MovieChat Forums > Being There (1980) Discussion > My thoughts on the end scene--spoilers

My thoughts on the end scene--spoilers


I have read many, many interpretations of the ending scene. I have my own thoughts on it, just how it struck me, both at the time of seeing it and pondering it after.

Some have said that it likens him to a Jesus figure. I don't agree. There is nothing in the movie that gives indication that he is Jesus, Jesus-like, or anything else in a spiritual sense.

Others have commented that because he is so lucky, he just happens to wander into a shallow area by chance, (like his name, ha ha!), and the proof point is his checking the water...e.g. he would not have to check the water if he was truly walking on it.

I don't buy that either. There is no point for the setup of all that for such a bland explanation, especially for the end of the film. He is checking the water to show us, the audience, that the water is deep--a plot device if you will. If it was shallow there, it would still be shallow a little ways over!

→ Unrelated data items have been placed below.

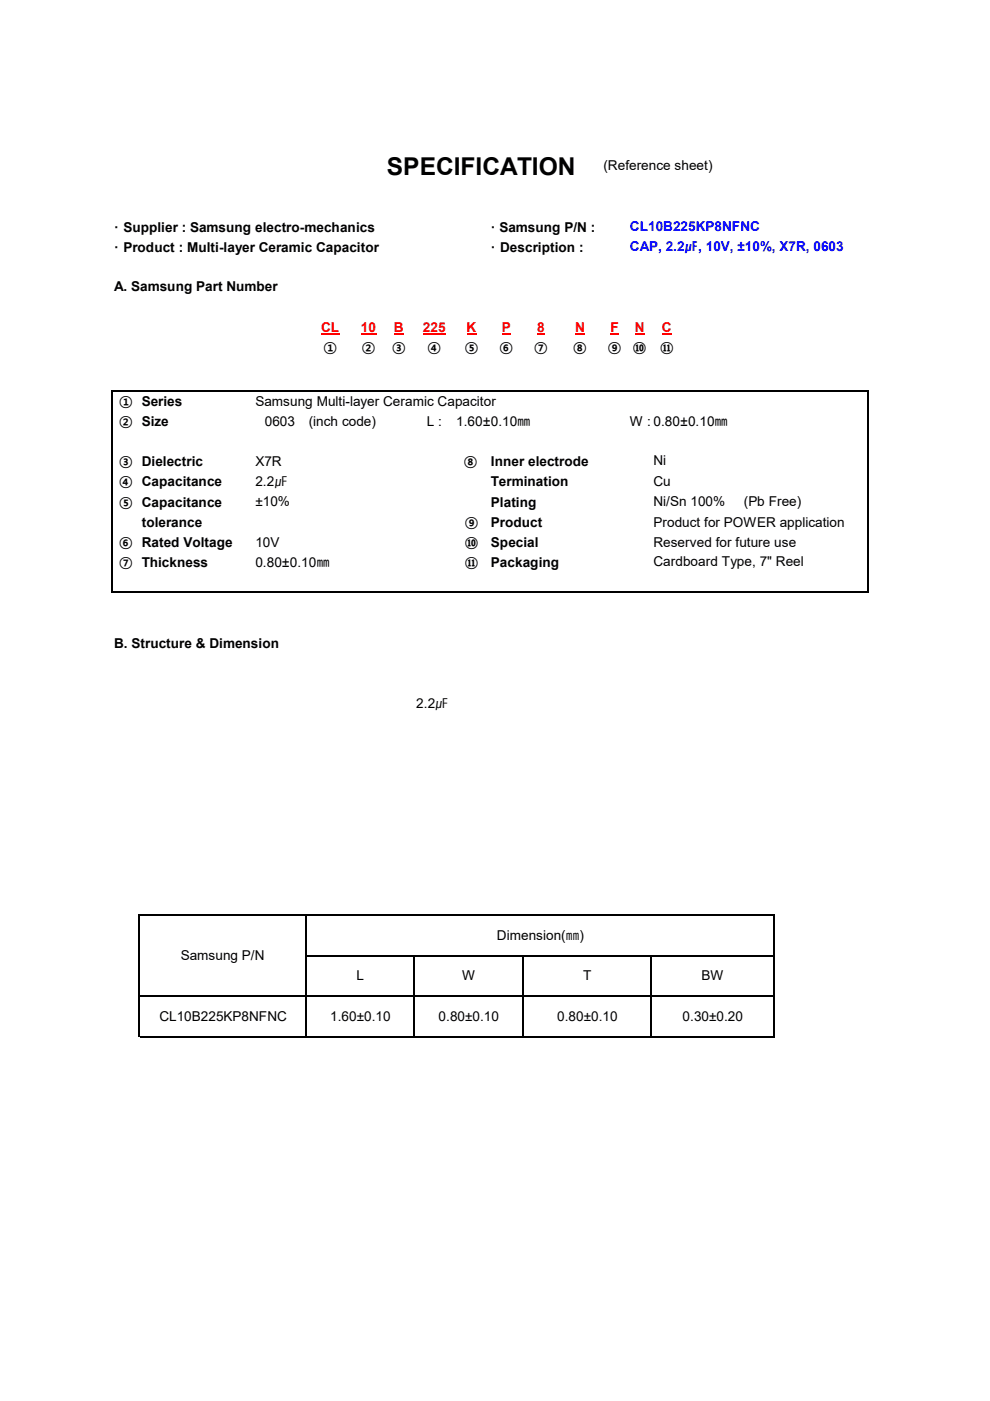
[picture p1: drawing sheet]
<svg xmlns="http://www.w3.org/2000/svg" width="210mm" height="297mm" viewBox="0 0 210 297" stroke-linecap="round" stroke-linejoin="round" font-family="sans-serif">
<defs><g id="words">
<text font-size="5.2" x="82" y="37">SPECIFICATION</text>
<g font-size="2.9">
<text x="127.9" y="36.1">(Reference sheet)</text>
<text x="24.2" y="53.5">· Product : Multi-layer Ceramic Capacitor</text>
<text x="24.2" y="49.2">· Supplier : Samsung electro-mechanics</text>
<text x="104.1" y="49.3">· Samsung P/N :</text>
<text x="104.1" y="53.3">· Description :</text>
<text x="24.2" y="61.7">A. Samsung Part Number</text>
<text x="68.6" y="74.7">①</text>
<text x="76.7" y="74.7">②</text>
<text x="83.1" y="74.7">③</text>
<text x="90.6" y="74.7">④</text>
<text x="98.6" y="74.7">⑤</text>
<text x="105.9" y="74.7">⑥</text>
<text x="113.3" y="74.7">⑦</text>
<text x="121.5" y="74.7">⑧</text>
<text x="128.9" y="74.7">⑨</text>
<text x="134.2" y="74.7">⑩</text>
<text x="140" y="74.7">⑪</text>
<text x="25.3" y="86">① Series</text>
<text x="54.1" y="86">Samsung Multi-layer Ceramic Capacitor</text>
<text x="25.3" y="90.3">② Size</text>
<text x="56.1" y="90.3">0603</text>
<text x="65.4" y="90.3">(inch code)</text>
<text x="90.5" y="90.3">L :</text>
<text x="96.7" y="90.3">1.60±0.10㎜</text>
<text x="133.6" y="90.3">W : 0.80±0.10㎜</text>
<text x="25.3" y="98.8">③ Dielectric</text>
<text x="54.1" y="98.8">X7R</text>
<text x="98.3" y="98.8">⑧</text>
<text x="104.1" y="98.8">Inner electrode</text>
<text x="138.6" y="98.7">Ni</text>
<text x="25.3" y="103.1">④ Capacitance</text>
<text x="25.3" y="107.4">⑤ Capacitance</text>
<text x="54.1" y="103.1">2.2㎌</text>
<text x="54.1" y="107.4">±10%</text>
<text x="104.1" y="103.1">Termination</text>
<text x="104.1" y="107.4">Plating</text>
<text x="138.6" y="103">Cu</text>
<text x="138.6" y="107.2">Ni/Sn 100%</text>
<text x="157.7" y="107.4">(Pb Free)</text>
<text x="30.1" y="111.7">tolerance</text>
<text x="98.6" y="111.7">⑨</text>
<text x="104.1" y="111.7">Product</text>
<text x="138.6" y="111.6">Product for POWER application</text>
<text x="25.3" y="116">⑥ Rated Voltage</text>
<text x="54.1" y="115.9">10V</text>
<text x="98.6" y="116">⑩</text>
<text x="104.1" y="116">Special</text>
<text x="138.6" y="115.9">Reserved for future use</text>
<text x="25.3" y="120.2">⑦ Thickness</text>
<text x="54.1" y="120.2">0.80±0.10㎜</text>
<text x="98.6" y="120.2">⑪</text>
<text x="104.1" y="120.2">Packaging</text>
<text x="138.6" y="120.1">Cardboard Type, 7&quot; Reel</text>
<text x="24.2" y="137.3">B. Structure &amp; Dimension</text>
<text x="88.3" y="150.1">2.2㎌</text>
<text x="38.3" y="203.5">Samsung P/N</text>
<text x="105.4" y="199.3">Dimension(㎜)</text>
<text x="75.6" y="207.8">L</text>
<text x="98" y="207.8">W</text>
<text x="123.7" y="207.8">T</text>
<text x="148.8" y="207.8">BW</text>
<text x="33.8" y="216.4">CL10B225KP8NFNC</text>
<text x="70" y="216.4">1.60±0.10</text>
<text x="93" y="216.4">0.80±0.10</text>
<text x="118.2" y="216.4">0.80±0.10</text>
<text x="144.7" y="216.4">0.30±0.20</text>
</g>
<g font-size="2.9" fill="#00f">
<text x="133.6" y="49">CL10B225KP8NFNC</text>
<text x="133.6" y="53.3">CAP, 2.2㎌, 10V, ±10%, X7R, 0603</text>
</g>
<g font-size="2.9" fill="#f00">
<text x="68.1" y="70.4">CL</text>
<text x="76.5" y="70.4">10</text>
<text x="83.5" y="70.4">B</text>
<text x="89.7" y="70.4">225</text>
<text x="98.9" y="70.4">K</text>
<text x="106.4" y="70.4">P</text>
<text x="113.9" y="70.4">8</text>
<text x="121.9" y="70.4">N</text>
<text x="129.4" y="70.4">F</text>
<text x="134.6" y="70.4">N</text>
<text x="140.3" y="70.4">C</text>
</g>
</g></defs>
<path d="M68.1 70.8h3.8M76.5 70.8h3.3M83.5 70.8h2.1M89.7 70.8h4.8M98.9 70.8h2.1" fill="none" stroke="#f00" stroke-width=".3"/>
<g fill="#f00">
<path d="M106.4 70.7h1.9v.3h-1.9z"/>
<path d="M113.9 70.7h1.6v.3h-1.6z"/>
</g>
<path d="M121.9 70.8h2.1" fill="none" stroke="#f00" stroke-width=".3"/>
<path d="M129.4 70.7h1.8v.3h-1.8z" fill="#f00"/>
<path d="M134.6 70.8h2.1M140.3 70.8h2.1" fill="none" stroke="#f00" stroke-width=".3"/>
<g fill="none" stroke="#000" stroke-width=".25">
<path d="M23.7 82.7v43M23.8 82.8h160.4M184.1 83v42.7M23.8 125.6h160.4M29.5 193.9v26M29.6 194h134.6M64.9 194.1v25.8M164.1 194.1v25.8M29.6 211.2h134.6M29.6 219.8h134.6M65 202.6h99.2M87.7 202.7v17.2"/>
<path d="M110.9 202.7v17.2M138 202.7v17.2"/>
</g>
<use href="#words"/>
</svg>

My feeling is he is of course walking on water. How he can do that, or who he really is, is not the point. The point is, that we the viewer, are put into the same predicament that the very characters in the movie find themselves.

During the entire movie, people take just what they see, and make it into what they want it to be. His philosophy for simple gardening as a metaphor for the economy. His basic communication abilities for someone with depth and thoughtfulness of answer. His demeanor mistaken for someone who might be hiding something. His pleasantness for love. His innocence for directness. We laugh along with the situations because we KNOW what the deal is.

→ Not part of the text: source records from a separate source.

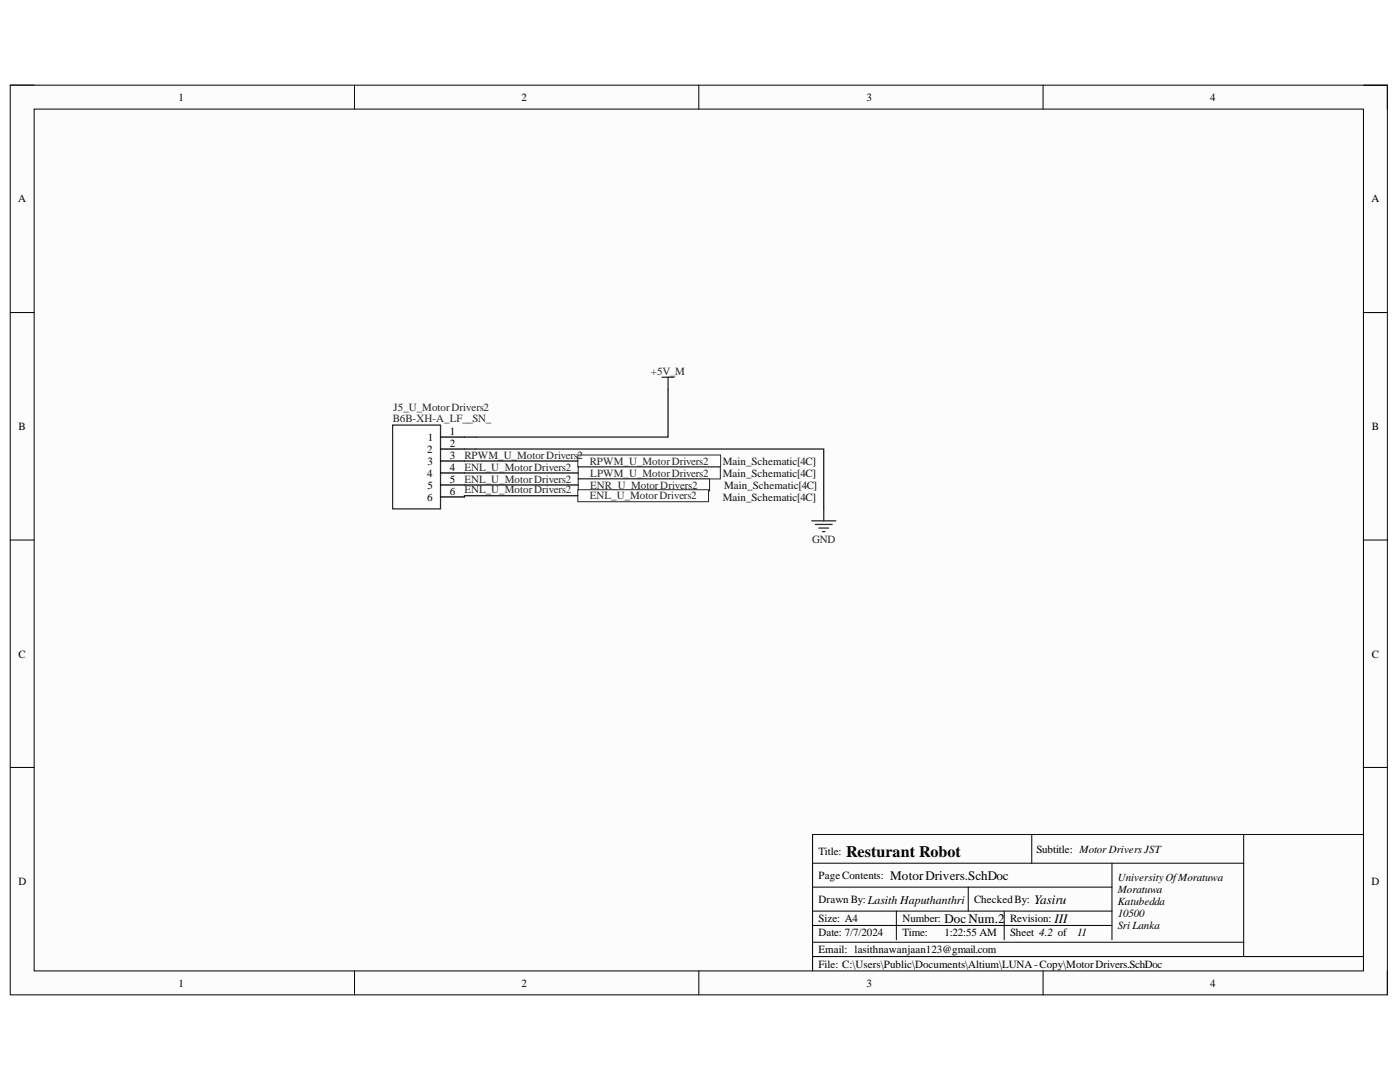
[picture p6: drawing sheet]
<svg xmlns="http://www.w3.org/2000/svg" width="279mm" height="216mm" viewBox="0 0 279 216" stroke-linecap="round" stroke-linejoin="round" font-family="sans-serif">
<defs><g id="words">
<text font-size="3.2" x="168.9" y="171">Resturant Robot</text>
<g font-size="2.6">
<text x="177.7" y="175.5">MotorDrivers.SchDoc</text>
<text x="188.5" y="184.1">DocNum.2</text>
<text x="206.4" y="180.3">Yasiru</text>
<text x="210.5" y="184.1">III</text>
</g>
<g font-size="2.2">
<text x="35.6" y="20.1">1</text>
<text x="104.1" y="20.1">2</text>
<text x="172.9" y="20.1">3</text>
<text x="241.5" y="20.1">4</text>
<text x="3.6" y="40.4">A</text>
<text x="273.7" y="40.4">A</text>
<text x="3.7" y="85.8">B</text>
<text x="85.4" y="88">1</text>
<text x="89.8" y="86.8">1</text>
<text x="89.8" y="89.2">2</text>
<text x="273.8" y="85.8">B</text>
<text x="85.2" y="90.3">2</text>
<text x="85.2" y="95.2">4</text>
<text x="85.3" y="92.7">3</text>
<text x="89.8" y="91.5">3</text>
<text x="89.8" y="94">4</text>
<text x="85.2" y="99.9">6</text>
<text x="85.3" y="97.5">5</text>
<text x="89.8" y="96.3">5</text>
<text x="89.8" y="98.7">6</text>
<text x="3.7" y="131.2">C</text>
<text x="273.8" y="131.2">C</text>
<text x="163.4" y="170.6">Title:</text>
<text x="206.8" y="170.1">Subtitle: Motor Drivers JST</text>
<text x="3.7" y="176.6">D</text>
<text x="163.4" y="175.4">PageContents:</text>
<text x="223.1" y="175.9">UniversityOfMoratuwa</text>
<text x="223.1" y="178.2">Moratuwa</text>
<text x="273.7" y="176.6">D</text>
<text x="163.4" y="184">Size: A4</text>
<text x="163.4" y="180.2">Drawn By:Lasith Haputhanthri</text>
<text x="180.1" y="184">Number:</text>
<text x="194.4" y="180.2">CheckedBy:</text>
<text x="201.6" y="184">Revision:</text>
<text x="223.1" y="180.7">Katubedda</text>
<text x="223.1" y="183">10500</text>
<text x="223.1" y="185.4">Sri Lanka</text>
<text x="163.4" y="186.9">Date: 7/7/2024</text>
<text x="163.4" y="190.2">Email: lasithnawanjaan123@gmail.com</text>
<text x="180.1" y="186.9">Time:</text>
<text x="188.5" y="186.9">1:22:55 AM</text>
<text x="201.6" y="186.9">Sheet 4.2 of</text>
<text x="214.9" y="186.9">11</text>
<text x="35.6" y="196.9">1</text>
<text x="104.1" y="196.9">2</text>
<text x="163.4" y="193.1">File: C:\Users\Public\Documents\Altium\LUNA-Copy\MotorDrivers.SchDoc</text>
<text x="172.9" y="196.9">3</text>
<text x="241.5" y="196.9">4</text>
</g>
<g font-size="2.2" fill="#262626">
<text x="129.9" y="74.8">+5V_M</text>
<text x="78.6" y="82">J5_U_MotorDrivers2</text>
<text x="78.4" y="84.2">B6B-XH-A_LF__SN_</text>
<text x="92.7" y="91.5">RPWM_U_MotorDrivers2</text>
<text x="92.7" y="94">ENL_U_MotorDrivers2</text>
<text x="117.7" y="92.7">RPWM_U_MotorDrivers2</text>
<text x="117.8" y="95.2">LPWM_U_MotorDrivers2</text>
<text x="92.7" y="96.3">ENL_U_MotorDrivers2</text>
<text x="92.7" y="98.5">ENL_U_MotorDrivers2</text>
<text x="117.7" y="99.6">ENL_U_MotorDrivers2</text>
<text x="117.8" y="97.5">ENR_U_MotorDrivers2</text>
<text x="162.1" y="108.3">GND</text>
</g>
<g font-size="2.2" fill="#0e0e0e">
<text x="144.3" y="92.7">Main_Schematic[4C]</text>
<text x="144.3" y="95.2">Main_Schematic[4C]</text>
<text x="144.3" y="99.9">Main_Schematic[4C]</text>
<text x="144.5" y="97.5">Main_Schematic[4C]</text>
</g>
</g></defs>
<path d="M2 17h274.9v181.5h-274.9z" fill-rule="evenodd" fill="#fcfcfc"/>
<path d="M2 17h274.9v181.5h-274.9z" fill="none" stroke="#000" stroke-width=".2"/>
<path d="M6.8 21.8h265.3v171.9h-265.3z" fill-rule="evenodd" fill="#fcfcfc"/>
<g fill="none" stroke="#000" stroke-width=".2">
<path d="M2 17h4.8M70.7 17v4.8M139.5 17v4.8M208.2 17v4.8M272.1 17h4.8v4.8M6.8 21.8h265.3v171.9h-265.3zM2 62.4h4.8M272.1 62.4h4.8M2 107.8h4.8M272.1 107.8h4.8M2 153.1h4.8M272.1 153.1h4.8"/>
<path d="M162.2 177h59.7M162.2 172.2h86M193.2 177v4.8M205.9 166.5v5.7M221.9 172.2v15.3M248.2 166.5v24.4M272.1 166.5h-109.9v27.2M70.8 193.7v4.8M139.5 193.7v4.8M162.2 181.8h59.7M162.2 184.7h59.7M162.2 188h86"/>
<path d="M162.2 190.9h109.9M178.9 181.8v5.7M200.4 181.8v5.7M208.2 193.7v4.8M276.9 193.7v4.8"/>
</g>
<path d="M132.1 75.3h2.4M133.3 75.3v2.4M162 103.9h4.8M162.7 104.6h3.4M163.4 105.4h1.9M164.2 106.1h.4M164.4 101.5v2.4" fill="none" stroke="#262626" stroke-width=".25"/>
<path d="M115.3 90.8h28.5v2.4h-28.5z" fill-rule="evenodd" fill="#fefefe"/>
<path d="M115.3 90.8h28.5v2.4h-28.5z" fill="none" stroke="#262626" stroke-width=".2"/>
<path d="M115.4 93.2h28.4v2.4h-28.4z" fill-rule="evenodd" fill="#fefefe"/>
<path d="M115.4 93.2h28.4v2.4h-28.4z" fill="none" stroke="#262626" stroke-width=".2"/>
<path d="M115.4 95.6h26.2v2.4h-26.2z" fill-rule="evenodd" fill="#fefefe"/>
<path d="M115.4 95.6h26.2v2.4h-26.2z" fill="none" stroke="#262626" stroke-width=".2"/>
<path d="M115.3 97.7h26.1v2.4h-26.1z" fill-rule="evenodd" fill="#fefefe"/>
<path d="M115.3 97.7h26.1v2.4h-26.1z" fill="none" stroke="#262626" stroke-width=".2"/>
<path d="M78.4 84.8h9.5v16.7h-9.5z" fill-rule="evenodd" fill="#fefefe"/>
<path d="M78.4 84.8h9.5v16.7h-9.5z" fill="none" stroke="#262626" stroke-width=".25"/>
<path d="M87.9 87.2h4.8M87.9 89.6h4.8M87.9 92h4.8M87.9 94.4h4.8M87.9 96.8h4.8M87.9 99.2h4.8" fill="none" stroke="#000" stroke-width=".25"/>
<path d="M92.7 87.2h2.4M92.7 89.6h2.3M92.7 92h22.6M92.7 94.4h22.7M92.7 96.8h22.7M115.3 98.9h-22.6v.3" fill="none" stroke="#0e0e0e" stroke-width=".25"/>
<path d="M133.3 77.7v9.5h-38.2M95 89.6h69.4v11.9" fill="none" stroke="#1c1c1c" stroke-width=".25"/>
<use href="#words"/>
</svg>

At the end, we find that we DON'T know what the deal really is. We made assumptions about Chance right along with everyone else. And we do that in life when we judge others, all day long, every day, without really knowing them or what they are about. We do business with people we don't know, we have friends that if we really knew them, we might not be their friends, we have sex with people we think love us, and we may not really even know them.

So the ending makes us look at us. It is just as plain as that, and I thoroughly enjoyed that curveball!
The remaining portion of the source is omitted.